Which possibilities remain?
Proponents of the lab leak hypothesis may complain that we have unduly focused on Wade’s argument. Even granting the arguments we made above, they might say that it is too much of a coincidence that the pandemic began so close to laboratories that conducted research on coronaviruses. And without getting into the technical arguments above, it is possible that the origin of the pandemic is instead a more innocent laboratory accident. Perhaps, for example, patient zero was some laboratory assistant collecting bats to conduct research on. And, either out of negligence, or because the safety protocols for that sort of research were woefully inadequate, they got infected and passed on the disease to others.
The problem is, there are many details that make even ‘soft lab leak’ explanations like this less likely than they may seem. The furin cleavage site, for example, is quickly lost in most artificial versions of the virus that are stored in labs – and in SARS-CoV-2 itself – when they are cultured in Vero cells, the most commonly-used cell line for this kind of research. This massively reduces the timeline when a laboratory accident could have occurred. It is also a situation where empirical knowledge could help us update our beliefs on which source was most likely: if we had an inventory of the cell lines that were used in the WIV and other Wuhan labs, we would be able to address concerns about the Institute’s reliability as a source, and figure out whether it was even possible for the virus to originate from laboratory culture.
Once again, it is illustrative to compare with the examples from the past where a human origin could be actually confirmed. The aforementioned 1977 flu virus, which resembled viruses from the 1950s, could also be labelled as one that was probably manipulated because it was temperature sensitive, a property that would only make sense after certain laboratory manipulations. The fact remains that even if the virus emerged from a laboratory accident, it would be easy to tell. Even the ambiguity we see would be unlikely if the virus came from a lab.

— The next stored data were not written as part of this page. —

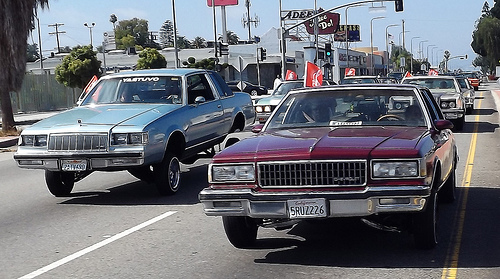<image>
Is the car in the road? Yes. The car is contained within or inside the road, showing a containment relationship. 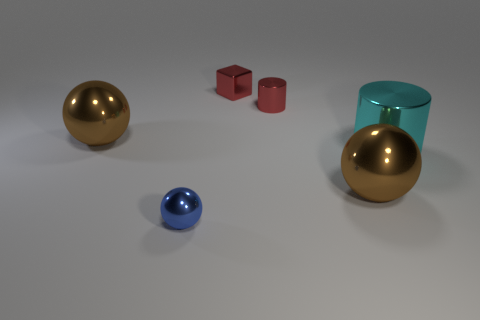Are there fewer small blue balls behind the tiny red cylinder than cyan cylinders?
Make the answer very short. Yes. How many matte objects are tiny cylinders or spheres?
Make the answer very short. 0. Does the tiny metal sphere have the same color as the metallic cube?
Provide a short and direct response. No. Is there any other thing that has the same color as the small cylinder?
Your response must be concise. Yes. Do the brown metal object left of the blue metallic ball and the tiny red object behind the small red metallic cylinder have the same shape?
Your response must be concise. No. How many things are purple cubes or metallic things left of the red block?
Provide a short and direct response. 2. Is the tiny red thing to the right of the small cube made of the same material as the large brown thing that is to the left of the small red metallic cylinder?
Your answer should be compact. Yes. There is a blue ball; how many red objects are right of it?
Give a very brief answer. 2. How many red objects are either tiny cylinders or large spheres?
Give a very brief answer. 1. There is a cube that is the same size as the red shiny cylinder; what is its material?
Provide a short and direct response. Metal. 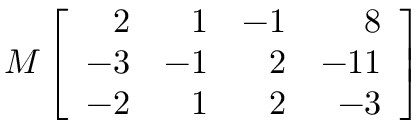<formula> <loc_0><loc_0><loc_500><loc_500>M \left [ { \begin{array} { r r r r } { 2 } & { 1 } & { - 1 } & { 8 } \\ { - 3 } & { - 1 } & { 2 } & { - 1 1 } \\ { - 2 } & { 1 } & { 2 } & { - 3 } \end{array} } \right ]</formula> 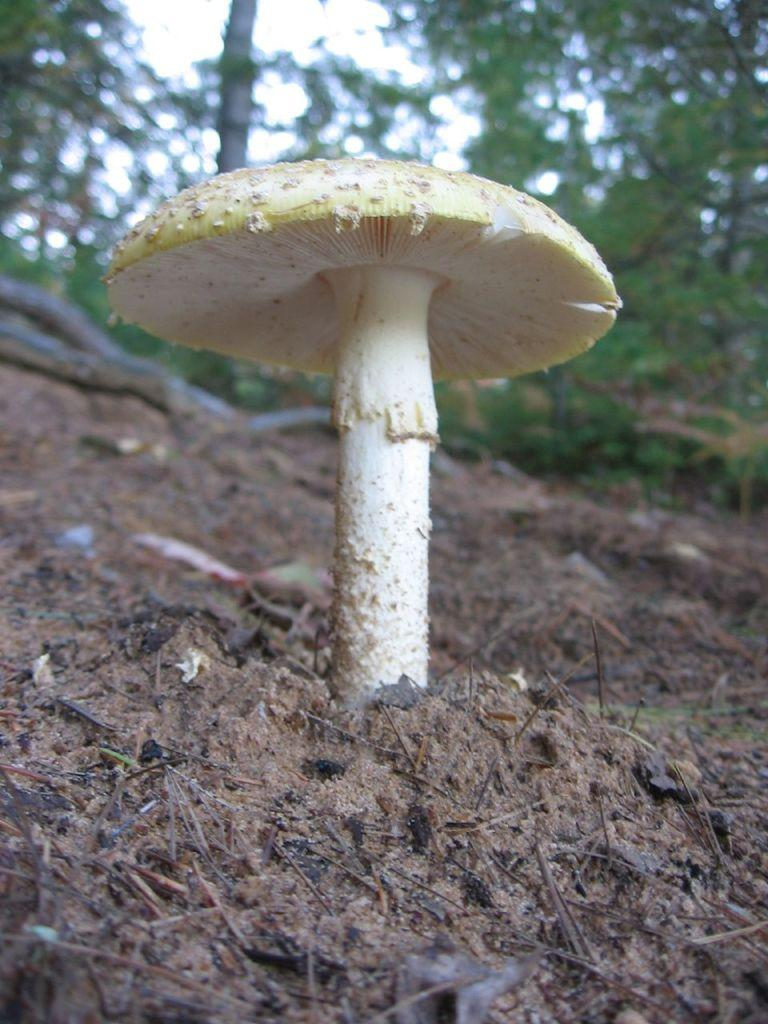What is the main subject of the picture? The main subject of the picture is a mushroom. Where is the mushroom located in the picture? The mushroom is on the ground. What is the color of the mushroom? The mushroom is white in color. What else can be seen in the picture besides the mushroom? There are trees and tree bark visible on the ground in the picture. What type of government is depicted in the picture? There is no government depicted in the picture; it features a mushroom on the ground with trees and tree bark visible. 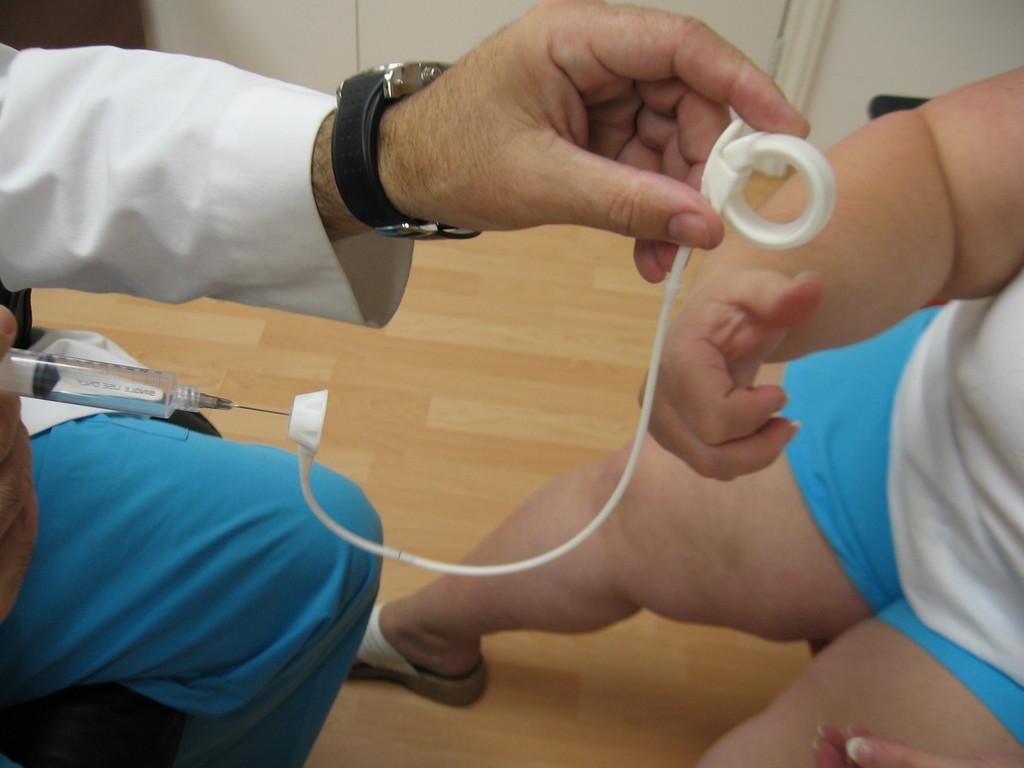Can you describe this image briefly? In the picture we can see a doctor sitting and holding an injection and in it we can see a white colored wire and he is holding it with the other hand and in front of him we can see a small baby and to the floor we can see wooden mat and the wall is white in color. 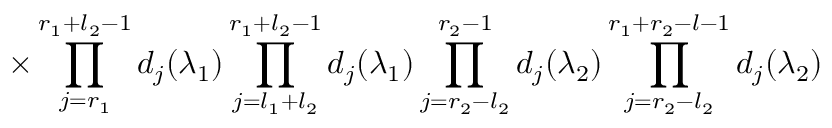Convert formula to latex. <formula><loc_0><loc_0><loc_500><loc_500>\times \prod _ { j = r _ { 1 } } ^ { r _ { 1 } + l _ { 2 } - 1 } d _ { j } ( \lambda _ { 1 } ) \prod _ { j = l _ { 1 } + l _ { 2 } } ^ { r _ { 1 } + l _ { 2 } - 1 } d _ { j } ( \lambda _ { 1 } ) \prod _ { j = r _ { 2 } - l _ { 2 } } ^ { r _ { 2 } - 1 } d _ { j } ( \lambda _ { 2 } ) \prod _ { j = r _ { 2 } - l _ { 2 } } ^ { r _ { 1 } + r _ { 2 } - l - 1 } d _ { j } ( \lambda _ { 2 } )</formula> 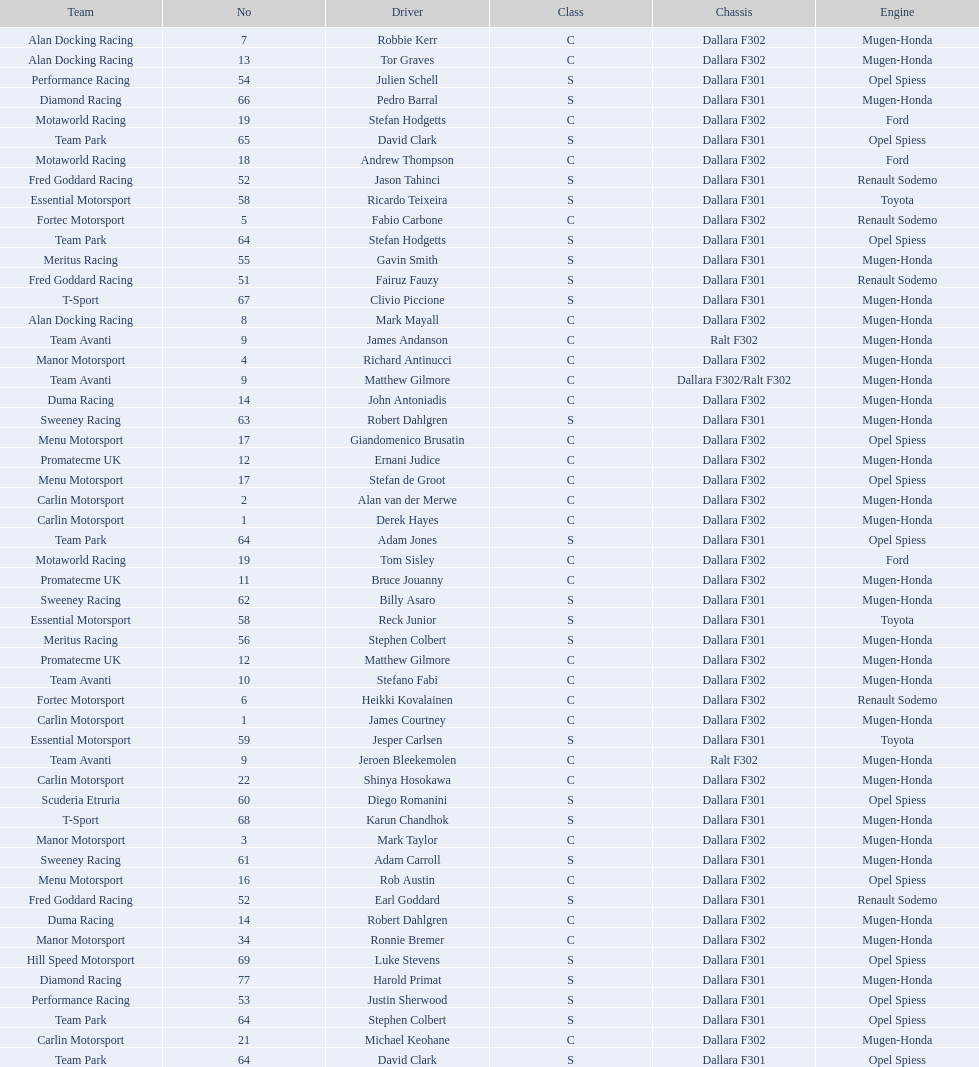The two drivers on t-sport are clivio piccione and what other driver? Karun Chandhok. 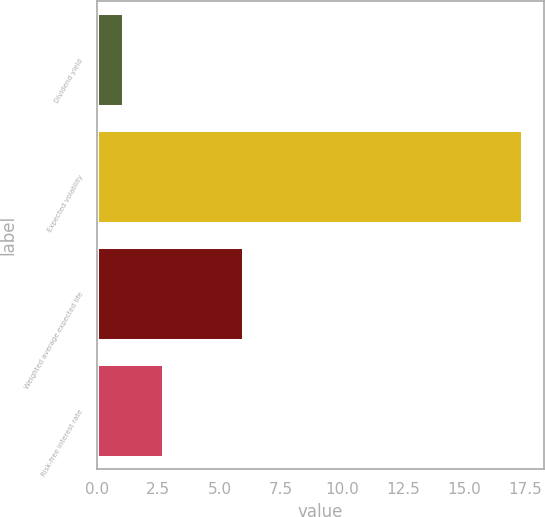Convert chart to OTSL. <chart><loc_0><loc_0><loc_500><loc_500><bar_chart><fcel>Dividend yield<fcel>Expected volatility<fcel>Weighted average expected life<fcel>Risk-free interest rate<nl><fcel>1.1<fcel>17.4<fcel>6<fcel>2.73<nl></chart> 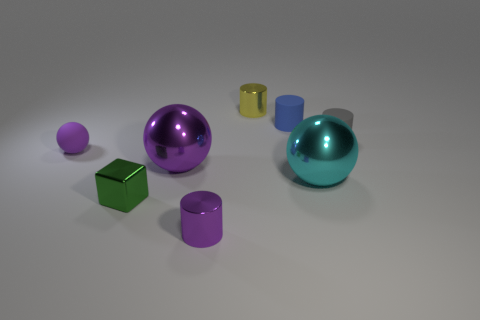Is there anything else that has the same shape as the green metallic object?
Your answer should be compact. No. What is the color of the metallic sphere that is on the left side of the metallic cylinder that is behind the small rubber thing that is left of the small yellow metallic object?
Provide a short and direct response. Purple. The small rubber ball has what color?
Provide a short and direct response. Purple. Are there more tiny yellow cylinders on the right side of the large cyan object than blue matte cylinders that are in front of the big purple shiny object?
Your response must be concise. No. There is a small yellow thing; is it the same shape as the small purple thing that is on the right side of the tiny ball?
Your answer should be compact. Yes. There is a matte cylinder that is in front of the blue object; is it the same size as the metallic cylinder behind the tiny purple rubber thing?
Provide a succinct answer. Yes. There is a tiny green shiny block on the left side of the shiny cylinder that is in front of the big cyan sphere; are there any small metal things that are in front of it?
Offer a terse response. Yes. Are there fewer gray cylinders to the right of the small blue cylinder than tiny green shiny objects on the left side of the cube?
Your response must be concise. No. There is a green thing that is the same material as the small yellow thing; what is its shape?
Your answer should be compact. Cube. There is a purple ball to the right of the tiny purple object that is on the left side of the small cylinder that is in front of the gray cylinder; what is its size?
Offer a very short reply. Large. 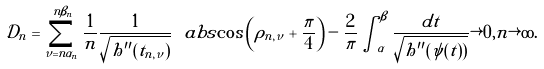<formula> <loc_0><loc_0><loc_500><loc_500>\mathcal { D } _ { n } = \sum _ { \nu = n \alpha _ { n } } ^ { n \beta _ { n } } \frac { 1 } { n } \frac { 1 } { \sqrt { h ^ { \prime \prime } ( t _ { n , \nu } ) } } \ a b s { \cos \left ( \rho _ { n , \nu } + \frac { \pi } { 4 } \right ) } - \frac { 2 } { \pi } \int _ { \alpha } ^ { \beta } \frac { d t } { \sqrt { h ^ { \prime \prime } ( \psi ( t ) ) } } \rightarrow 0 , n \rightarrow \infty .</formula> 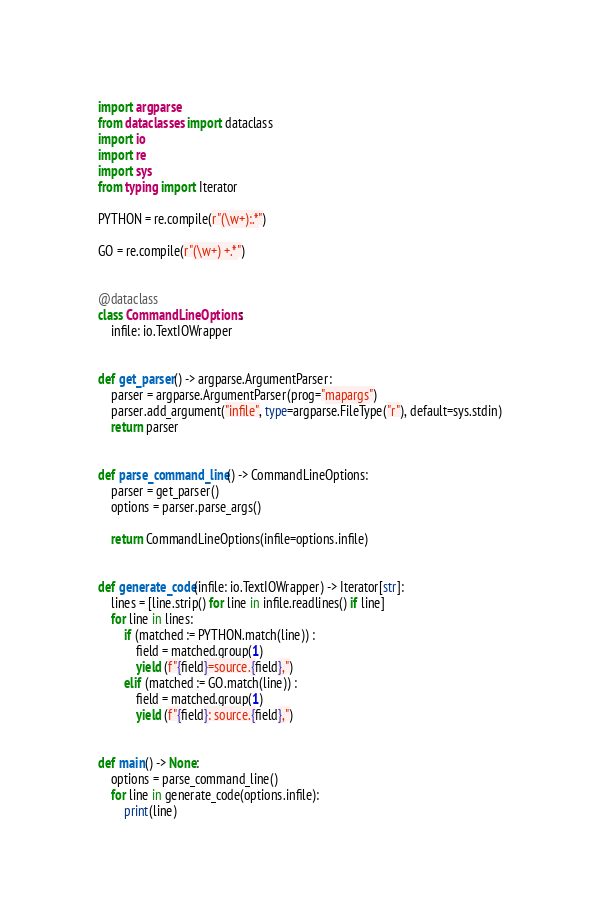Convert code to text. <code><loc_0><loc_0><loc_500><loc_500><_Python_>import argparse
from dataclasses import dataclass
import io
import re
import sys
from typing import Iterator

PYTHON = re.compile(r"(\w+):.*")

GO = re.compile(r"(\w+) +.*")


@dataclass
class CommandLineOptions:
    infile: io.TextIOWrapper


def get_parser() -> argparse.ArgumentParser:
    parser = argparse.ArgumentParser(prog="mapargs")
    parser.add_argument("infile", type=argparse.FileType("r"), default=sys.stdin)
    return parser


def parse_command_line() -> CommandLineOptions:
    parser = get_parser()
    options = parser.parse_args()

    return CommandLineOptions(infile=options.infile)


def generate_code(infile: io.TextIOWrapper) -> Iterator[str]:
    lines = [line.strip() for line in infile.readlines() if line]
    for line in lines:
        if (matched := PYTHON.match(line)) :
            field = matched.group(1)
            yield (f"{field}=source.{field},")
        elif (matched := GO.match(line)) :
            field = matched.group(1)
            yield (f"{field}: source.{field},")


def main() -> None:
    options = parse_command_line()
    for line in generate_code(options.infile):
        print(line)

</code>

And once we’re playing this game of Bayesian tennis, it’s hard to know where to stop. Yes, the origin was in the one city in China that has a virological research lab, out of hundreds that do not. But what proportion of the population are laboratory workers at risk, versus what proportion consume meat at wet markets? What proportion are citizens who live near the wilderness – where serological studies conducted before the pandemic have shown zoonotic spillovers happen all the time? How often do people in these lifestyles get exposed to bats, compared to people in labs with PPE, even if that PPE is modest and insufficient? How do we account for the other reasons why laboratories are where they are – precisely because of the high diversity of bats and bat coronaviruses in the region, and because other epidemics originated not far from that area, which was known for years to be a source of zoonotic risk? With all of these factors in mind, it is difficult to get a clear picture of how likely the soft lab leak scenario really is.
It is only natural for us to want human tragedies to have causes where human agency is ultimately at fault. Acknowledging this as a real bias is, of course, not enough to dismiss the possibility that any form of the lab leak hypothesis is true. But in exaggerating the likelihood, we risk not only another scientific error driven by politics, but also escalating tensions between China and the US and – crucially – undermining our ability to prepare for a potential future pandemic that could become even worse than this one has been.
Anonymous Pangolin is a biologist writing under a pseudonym.